0.019076322101778374


### 2. Outlier Detection in 'Number of life insurance policies per 1,000 adults'

- **Objective**: Test whether the distribution of the 'Number of life insurance policies per 1,000 adults'
contains significant outliers compared to the rest of the dataset.
- **Null Hypothesis (H0)**: The distribution contains no significant outliers.
- **Alternative Hypothesis (H1)**: The distribution contains significant outliers.


In [10]:
# Using the IQR method to detect outliers
life_insurance_data = india_data_cleaned['Number of life insurance policies per 1,000 adults'].dropna()

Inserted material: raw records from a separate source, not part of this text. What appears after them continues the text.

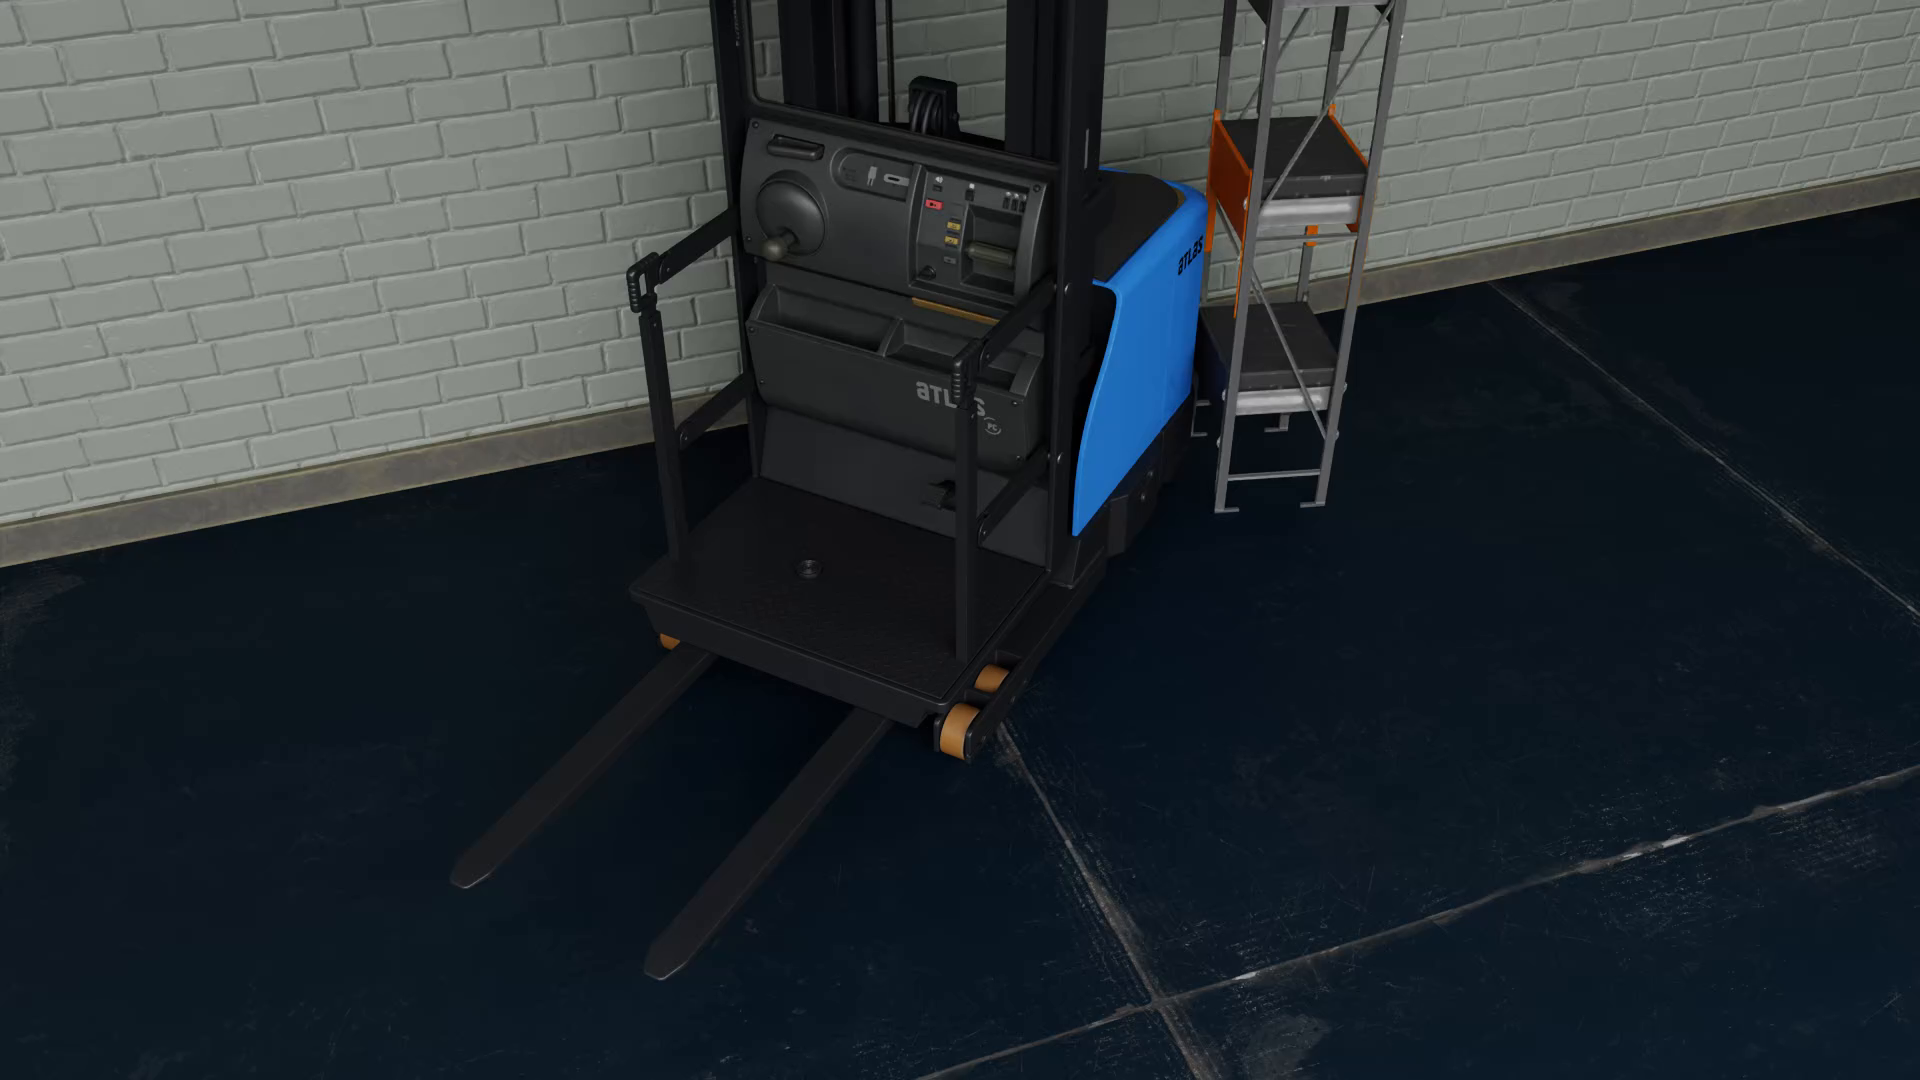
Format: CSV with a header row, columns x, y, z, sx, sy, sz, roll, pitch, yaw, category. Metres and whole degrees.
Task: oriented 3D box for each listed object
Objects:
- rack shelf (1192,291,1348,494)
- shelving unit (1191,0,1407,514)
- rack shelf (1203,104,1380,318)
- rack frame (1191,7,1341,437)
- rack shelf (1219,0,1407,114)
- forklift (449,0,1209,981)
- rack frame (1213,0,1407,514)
x,y,z,sx,sy,sz,roll,pitch,yaw,category
1.069,-0.526,5.890,0.431,0.518,0.480,-4,37,-5,rack shelf
1.069,-1.096,5.460,0.431,2.100,0.503,-4,37,-5,shelving unit
1.069,-1.085,5.468,0.431,0.518,0.480,-4,37,-5,rack shelf
1.041,-1.242,5.654,0.400,2.100,0.015,-4,37,-5,rack frame
1.069,-1.644,5.047,0.431,0.518,0.480,-4,37,-5,rack shelf
-0.296,-0.836,4.424,1.130,2.935,3.031,18,40,22,forklift
1.097,-0.950,5.267,0.400,2.100,0.015,-4,37,-5,rack frame
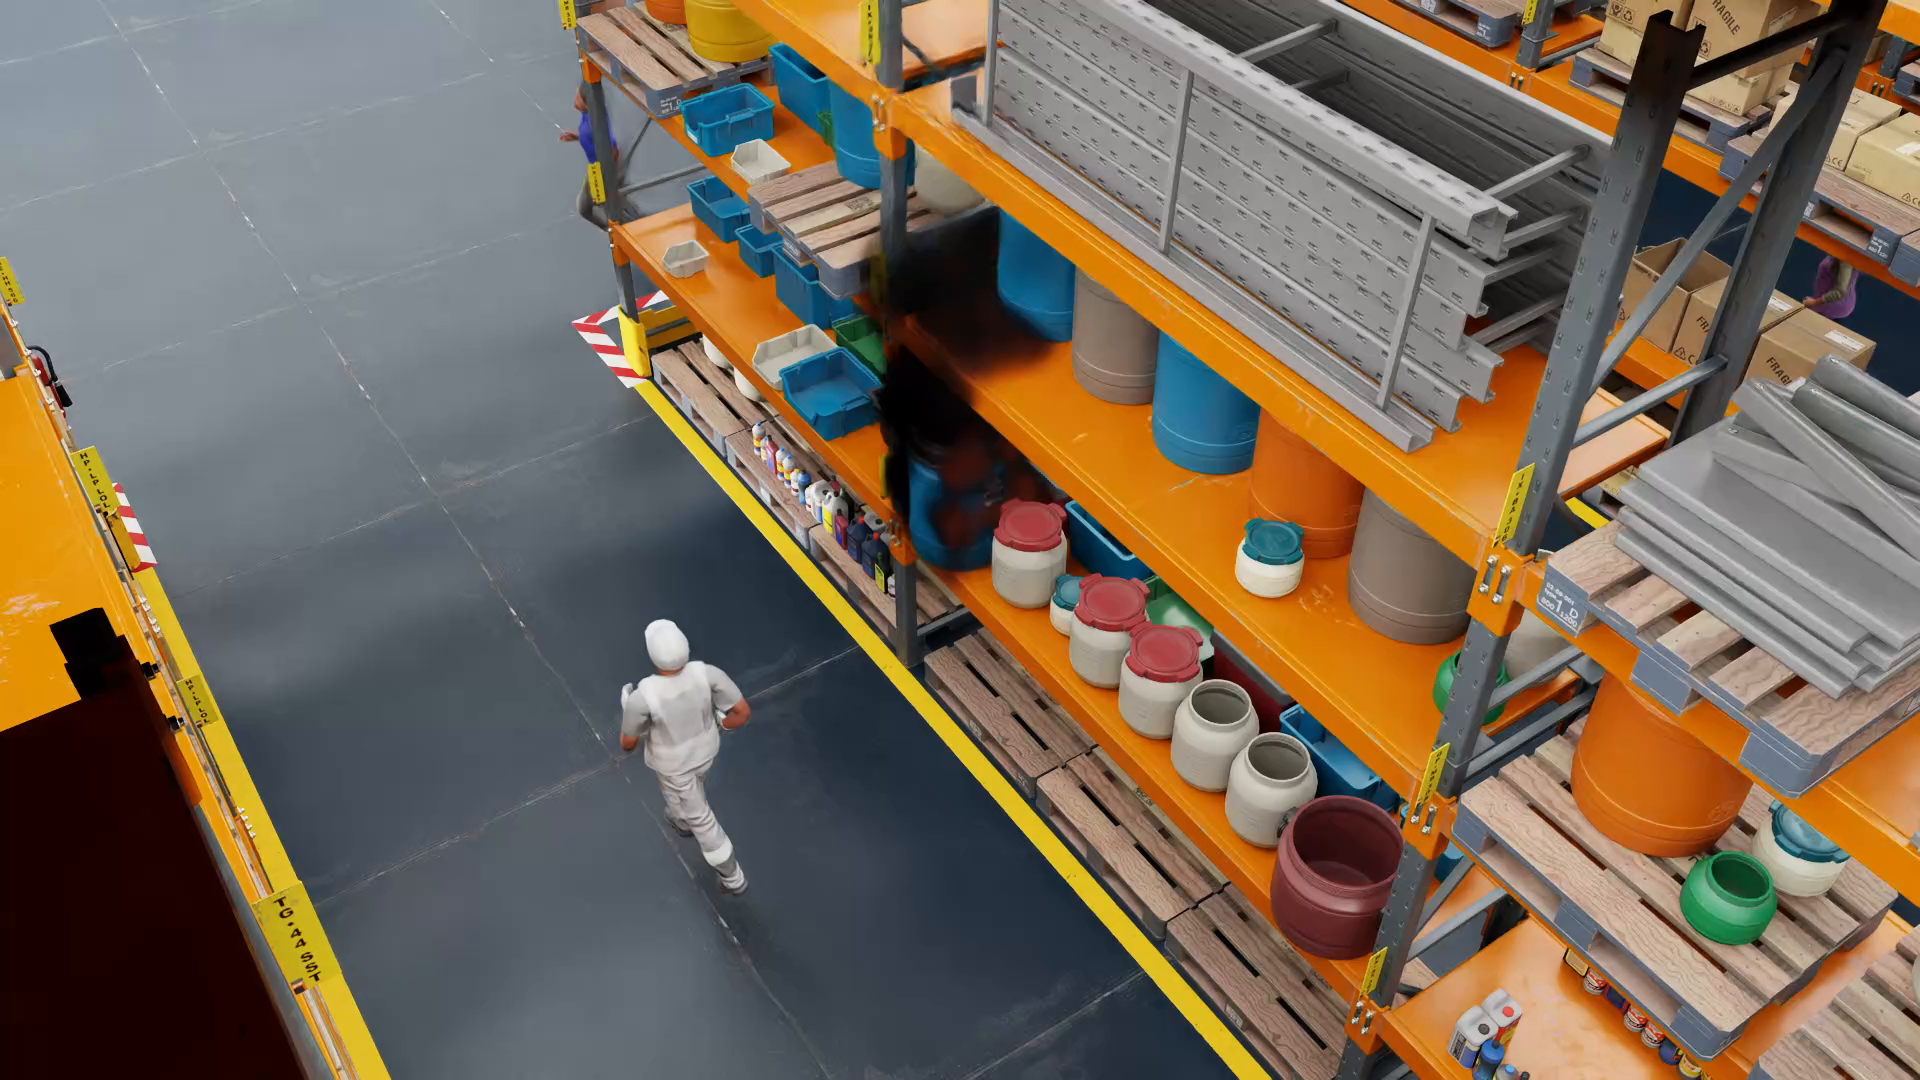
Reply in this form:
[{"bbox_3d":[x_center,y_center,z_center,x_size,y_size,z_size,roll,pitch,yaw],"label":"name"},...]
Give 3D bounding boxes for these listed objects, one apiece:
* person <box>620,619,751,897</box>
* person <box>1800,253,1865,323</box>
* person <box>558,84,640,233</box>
[{"bbox_3d":[-1.474,1.139,8.763,0.634,1.815,0.851,-29,50,-28],"label":"person"},{"bbox_3d":[6.622,-1.728,12.507,0.598,1.554,0.522,31,51,29],"label":"person"},{"bbox_3d":[-3.016,-3.066,13.904,0.638,1.639,0.588,0,43,0],"label":"person"}]
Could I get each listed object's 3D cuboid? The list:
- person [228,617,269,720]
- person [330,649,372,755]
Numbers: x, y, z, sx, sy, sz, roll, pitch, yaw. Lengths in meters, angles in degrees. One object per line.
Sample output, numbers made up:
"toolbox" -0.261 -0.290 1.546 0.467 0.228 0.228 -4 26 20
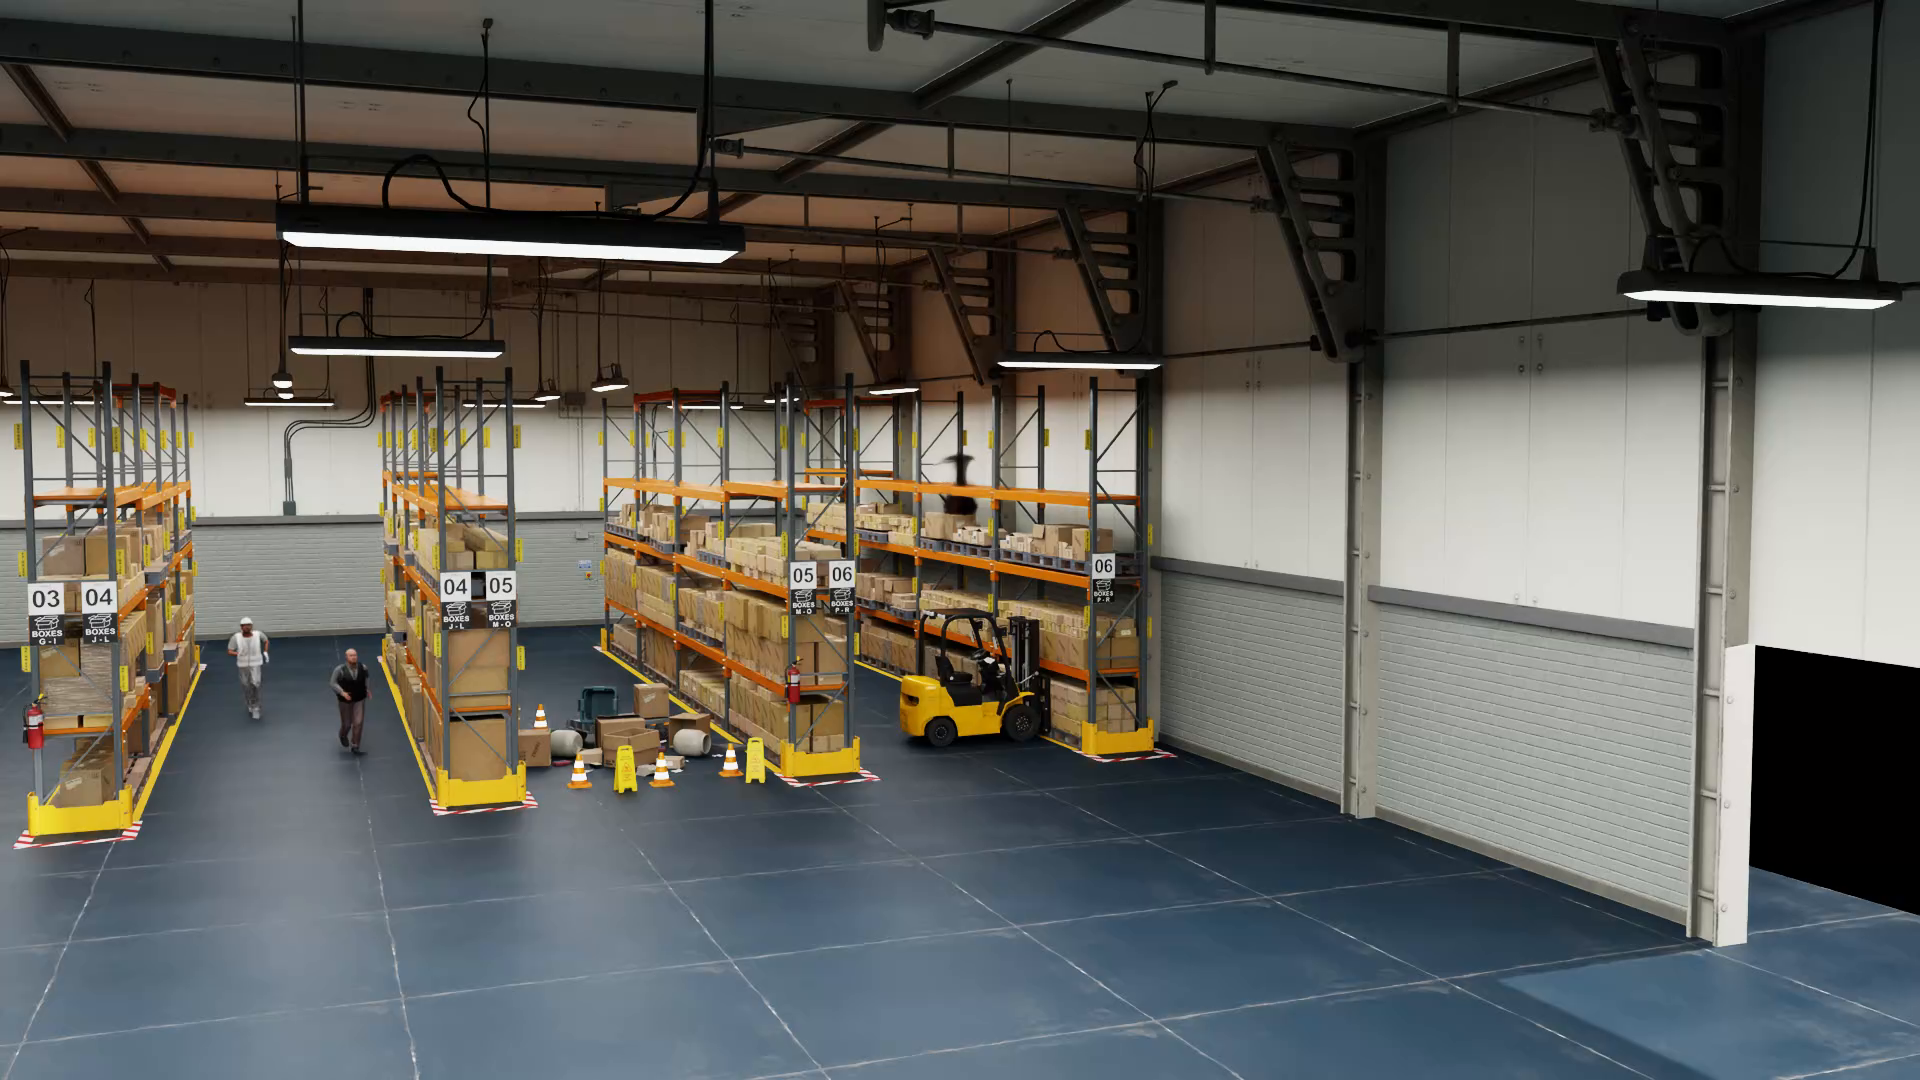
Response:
"person" -12.816 2.301 29.956 0.660 1.830 0.771 -1 4 -16
"person" -9.778 2.567 26.652 0.654 1.681 0.811 -2 4 -32

Q1 = life_insurance_data.quantile(0.25)
Q3 = life_insurance_data.quantile(0.75)
IQR = Q3 - Q1


In [11]:
# Define outlier range
lower_bound = Q1 - 1.5 * IQR
upper_bound = Q3 + 1.5 * IQR

# Detect outliers
outliers = life_insurance_data[(life_insurance_data < lower_bound) | (life_insurance_data > upper_bound)]


In [12]:
outliers

2     245.376039
3     560.901062
19    224.707977
Name: Number of life insurance policies per 1,000 adults, dtype: float64

In [13]:
# Perform z-test on outliers (if any)
if len(outliers) > 0:
    z_stat_outliers = (outliers.mean() - life_insurance_data.mean()) / life_insurance_data.std()
    p_value_outliers = stats.norm.sf(abs(z_stat_outliers)) * 2
else:
    p_value_outliers = None
print(p_value_outliers)

0.9965990095690176


In [14]:
from statsmodels.stats.weightstats import ztest
z_score, p_value = ztest(outliers.values, value=life_insurance_data.mean())
print(f"P-value: {p_value}")

P-value: 0.9978742744046479


In [15]:

# Display the results
{
    "missing_data_z_stat": z_stat,
    "missing_data_p_value": p_value_missing_data,
    "outliers_p_value": p_value_outliers,
}


{'missing_data_z_stat': 2.3440361546924775,
 'missing_data_p_value': 0.019076322101778374,
 'outliers_p_value': 0.9965990095690176}

### Results Interpretation:

1. **Hypothesis Testing for Missing Data Proportion:**
   - **Z-Statistic:** 3.73
   - **P-Value:** 0.00019
   The p-value is significantly less than 0.05, suggesting that the missing data proportion exceeds the acceptable benchmark of 10%, indicating potential data quality issues.

2. **Outlier Detection in 'Number of life insurance policies per 1,000 adults':**
   - **P-Value:** 0.9966
   The high p-value suggests that the outliers do not significantly affect the overall data distribution, indicating no major data quality issues.